Conservative rule would not last long, as general Gustavo Rojas Pinilla staged a coup d'état in 1953 after then president Laureano Gómez tried to have him dismissed. The ramifications for Colombian trade unions would be significant. The military government supported the creation of the Confederación Nacional del Trabajo (CNT) trade union confederation. CNT was built up along the lines of the Argentinian peronista unions, and CNT was affiliated to the Agrupación de Trabajadores Latinoamericanos Sindicalistas (ATLAS, which was led by the Peronista unions of Argentina). CNT received financial aid from ATLAS. Moreover, CNT received direct support from the Colombian Ministry of Labour through the minister Aurelio Caicedo Ayerbe. CNT was given access to issue propaganda through public radio stations. CNT was actively involved in building the political movement constructed to support the rule of Rojas Pinilla, National Action Movement. CNT and MAN were projected as the constituents of a 'Third Force' in Colombian politics, confronting the two old dominant parties of the country. With a strong anti-oligarchical discourse, Rojas Pinilla sought to utilize CNT and MAN to mobilize popular opinion against the traditional elites and their political parties. At the same time as the government mobilized support to CNT it curbed the activities of the two main party-affiliated trade union centers of the country, the CTC and UTC. The launching of CNT provoked reactions from the opposition side, and a civic opposition front was formed. By the end of 1955 the pressure from the Roman Catholic Church, the Conservatives and UTC forced the government to close down the CNT. The fall of the Rojas Pinilla regime followed soon after.

===1958-present===
The fall of Rojas Pinilla paved the way for almost two decades of bipartisan control of Colombia, called the National Front. Trade unions flourished during this period, as the number of unionized workers more than doubled, and new union confederations were founded, such as the Confederación Sindical de Trabajadores de Colombia (CSTC) in 1964, which had communist leanings. Other union confederations were founded later during the National Front, or shortly after its collapse, such as the Confederación General de Trabajadores (CGT) in 1971, and the Central Unitaria de Trabajadores (CUT) in 1986. "Until the period beginning in 1990, Colombian workers
were among the most organized in Latin America, and Colombian trade unions were among the strongest, having won significant economic benefits for workers." Since then, the targeting of unionists by paramilitaries has led to thousands of deaths. Former paramilitary leader Carlos Castaño said that "We kill trade unionists because they interfere with people working."

==Paramilitary Involvement==
Until around 1990 Colombian trade unions were among the strongest in Latin America. However the 1980s expansion of paramilitarism in Colombia saw trade union leaders and members increasingly targeted for assassination, and as a result Colombia has been the most dangerous country in the world for trade unionists for several decades. Between 2000 and 2010 Colombia accounted for 63.12% of trade unionists murdered globally. According to the International Trade Union Confederation (ITUC) there were 2832 murders of trade unionists between 1 January 1986 and 30 April 2010, meaning that "on average, men and women trade unionists in Colombia have been killed at the rate of one every three days over the last 23 years." Other sources give figures of around 4000 trade union members killed from the mid-1980s to 2008.

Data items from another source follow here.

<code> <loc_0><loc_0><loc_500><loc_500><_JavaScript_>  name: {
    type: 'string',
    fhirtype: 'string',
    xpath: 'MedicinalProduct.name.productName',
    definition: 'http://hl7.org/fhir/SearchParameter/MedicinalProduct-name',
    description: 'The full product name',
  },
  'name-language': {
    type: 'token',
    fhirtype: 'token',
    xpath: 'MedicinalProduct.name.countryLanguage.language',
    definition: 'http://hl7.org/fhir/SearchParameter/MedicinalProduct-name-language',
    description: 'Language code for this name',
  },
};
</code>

According to a 2007 Amnesty International report, in 2005 "around 49 percent of human rights abuses against trade unionists were committed by paramilitaries and some 43 percent directly by the security forces." The Colombian parapolitics scandal revealed widespread links between the government and the paramilitaries, in which then President Alvaro Uribe and his congressional allies were heavily implicated. The government during Uribe's tenure opposed labor both directly & indirectly, the Ministry of Social Protection in 2004 actively labeling many strikes as illegal & suppressing the formation of new unions, while the government turned a blind eye to many instances of paramilitary anti-union violence, around 3,500 unionists having been murdered within a 15-year period (1990-2005), the government only having investigated 600 of theses killings, leading to only 6 convictions. At times the government even engaged in such violence itself, the Colombian Army having killed 3 union leaders in Arauca in 2004. The ITUC in 2010 concluded that "the historical and structural violence against the Colombian trade union movement remains firmly in place, manifesting itself in the form of systematic human and trade union rights violations." From 1986 to 2009, Antioquia Department saw the highest number of murders (46% of the total), while the agricultural workers' union Sintrainagro was the most targeted union (at 844, 31% of the total).

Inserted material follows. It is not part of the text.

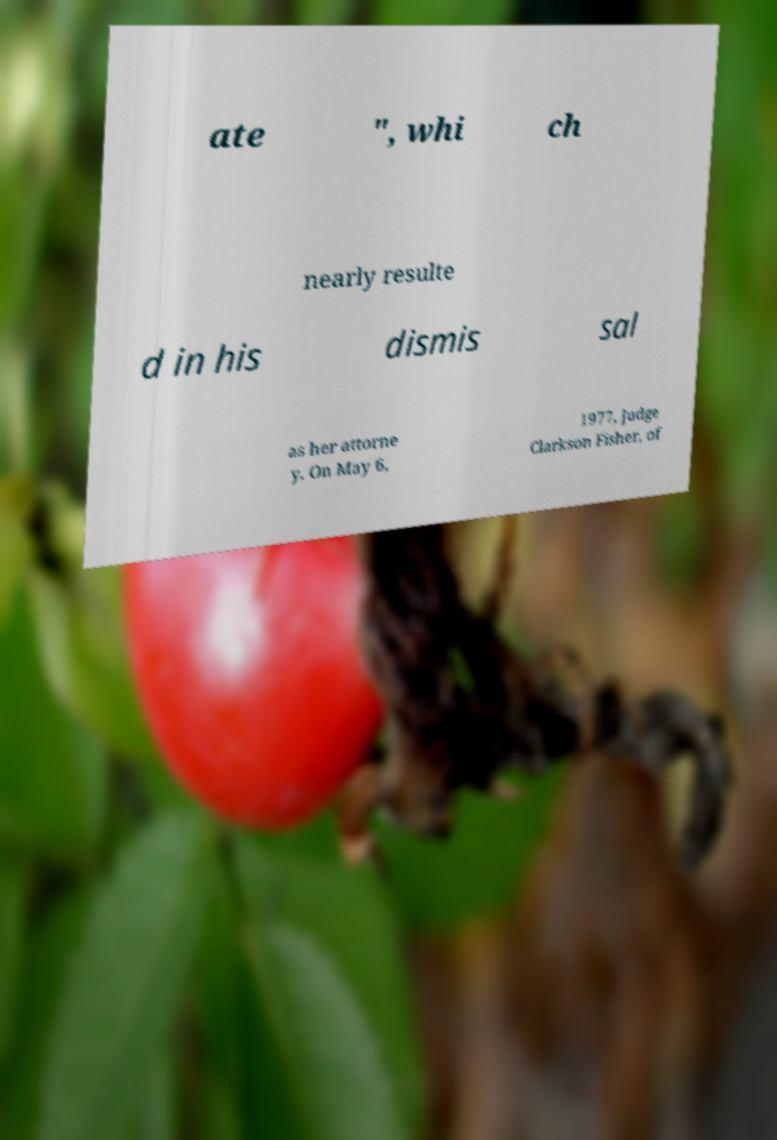For documentation purposes, I need the text within this image transcribed. Could you provide that? ate ", whi ch nearly resulte d in his dismis sal as her attorne y. On May 6, 1977, Judge Clarkson Fisher, of

There are reports that US corporations in Colombia have actively colluded with paramilitaries in order to reduce union activity. Besides acknowledged payments from multinationals to the United Self-Defense Forces of Colombia (AUC) (Doe v. Chiquita Brands International), "Trade unionists have been particularly targeted by the paramilitaries, and most of the violence has been directed at leaders of unions of multinational corporations." In 2001 the United Steelworkers of America and the International Labor Rights Fund sued Coca-Cola and its Colombian suppliers in a Miami court on behalf of food workers union Sinaltrainal (Sinaltrainal v. Coca-Cola); the case was dismissed in 2006. A similar suit regarding another US company, Estate of Rodriquez v. Drummond Co., was dismissed in 2007.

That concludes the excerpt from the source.